Mu-Tau Neutrinos: Influencing Fast Flavor Conversions in Supernovae

Neutrinos in a core-collapse supernova can undergo fast flavor conversions with a possible impact on the explosion mechanism and nucleosynthesis. We perform the first nonlinear simulations of fast conversions in the presence of three neutrino flavors. The recent supernova simulations with muon production call for such an analysis, as they relax the standard ${\nu }_{\mu ,\tau }={\overline{\nu }}_{\mu ,\tau }$ (two-flavor) assumption. Our results show the significance of muon and tau lepton number angular distributions, together with the traditional electron lepton number ones. Indeed, our three-flavor results are potentially very different from two-flavor ones. These results strengthen the need to further investigate the occurrence of fast conversions in supernova simulation data, including the degeneracy breaking of mu and tau neutrinos.

Figure 1

The upper panels show the angular distribution of the fluxes and the effective lepton numbers for different flavors. The effective lepton number panel ($G_{\mathbf{v}}^{\alpha \beta }$ vs $\mathbf{v}$) shows both the three-flavor (solid lines) and the two-flavor ELN (dashed line).
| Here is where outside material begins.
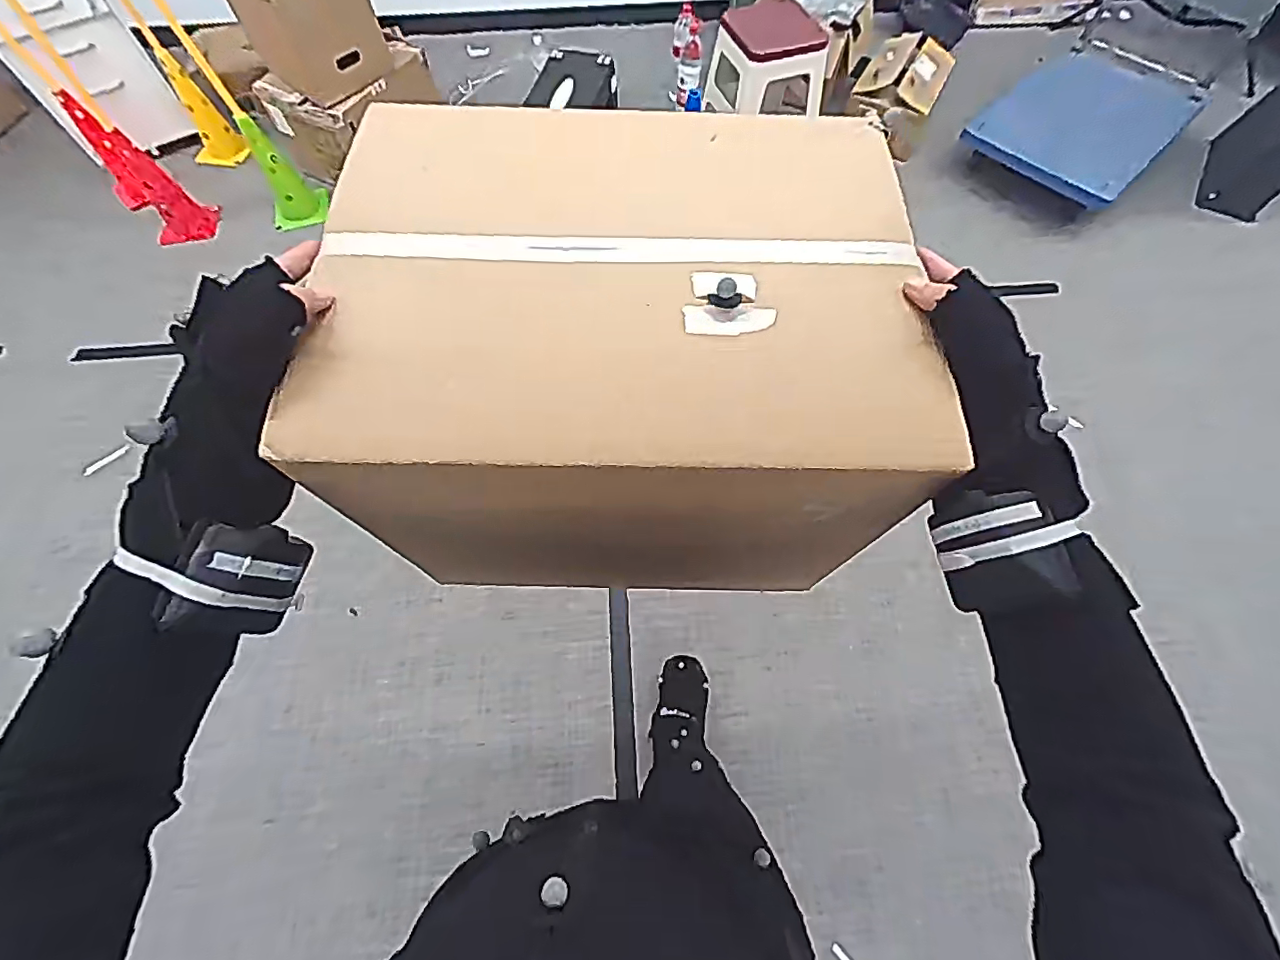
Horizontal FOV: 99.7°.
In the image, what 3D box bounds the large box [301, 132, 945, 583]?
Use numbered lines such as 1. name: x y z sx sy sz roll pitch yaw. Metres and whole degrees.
1. large box: -0.013 -0.088 0.525 0.408 0.320 0.320 1 66 -1

The lower panel shows the evolution of the angle-averaged off-diagonal elements $|⟨{\rho }_{\alpha \beta }⟩|$ of the density matrix with time (in ns). The three-flavor evolution (solid lines) has no instability, while the effective two-flavor evolution, assuming ${\nu }_x={\overline{\nu }}_x$, shows large exponential growth (dashed line).

Figure 2

Panels represent same as in Fig. 1. However, due to large crossings in $G_{\mathbf{v}}^{e\mu }$, $G_{\mathbf{v}}^{e\tau }$, substantial flavor conversions are seen in all the sectors.

Figure 3

Panels represent same as in Fig. 1. Crossing only in $G_{\mathbf{v}}^{\mu \tau }$ causes an exponential growth in $\mu -\tau$ sector (lower panel). The two-flavor evolution shows no instability.

Figure 4

Panels represent same as in Fig. 1. However, shallow crossings are present in $G_{\mathbf{v}}^{e\mu }$, $G_{\mathbf{v}}^{e\tau }$ in the backward direction (upper panels), leading to exponential growths in $|⟨{\rho }_{\alpha \beta }⟩|$ (lower panel) for the three-flavor setup. The two-flavor evolution shows no instability.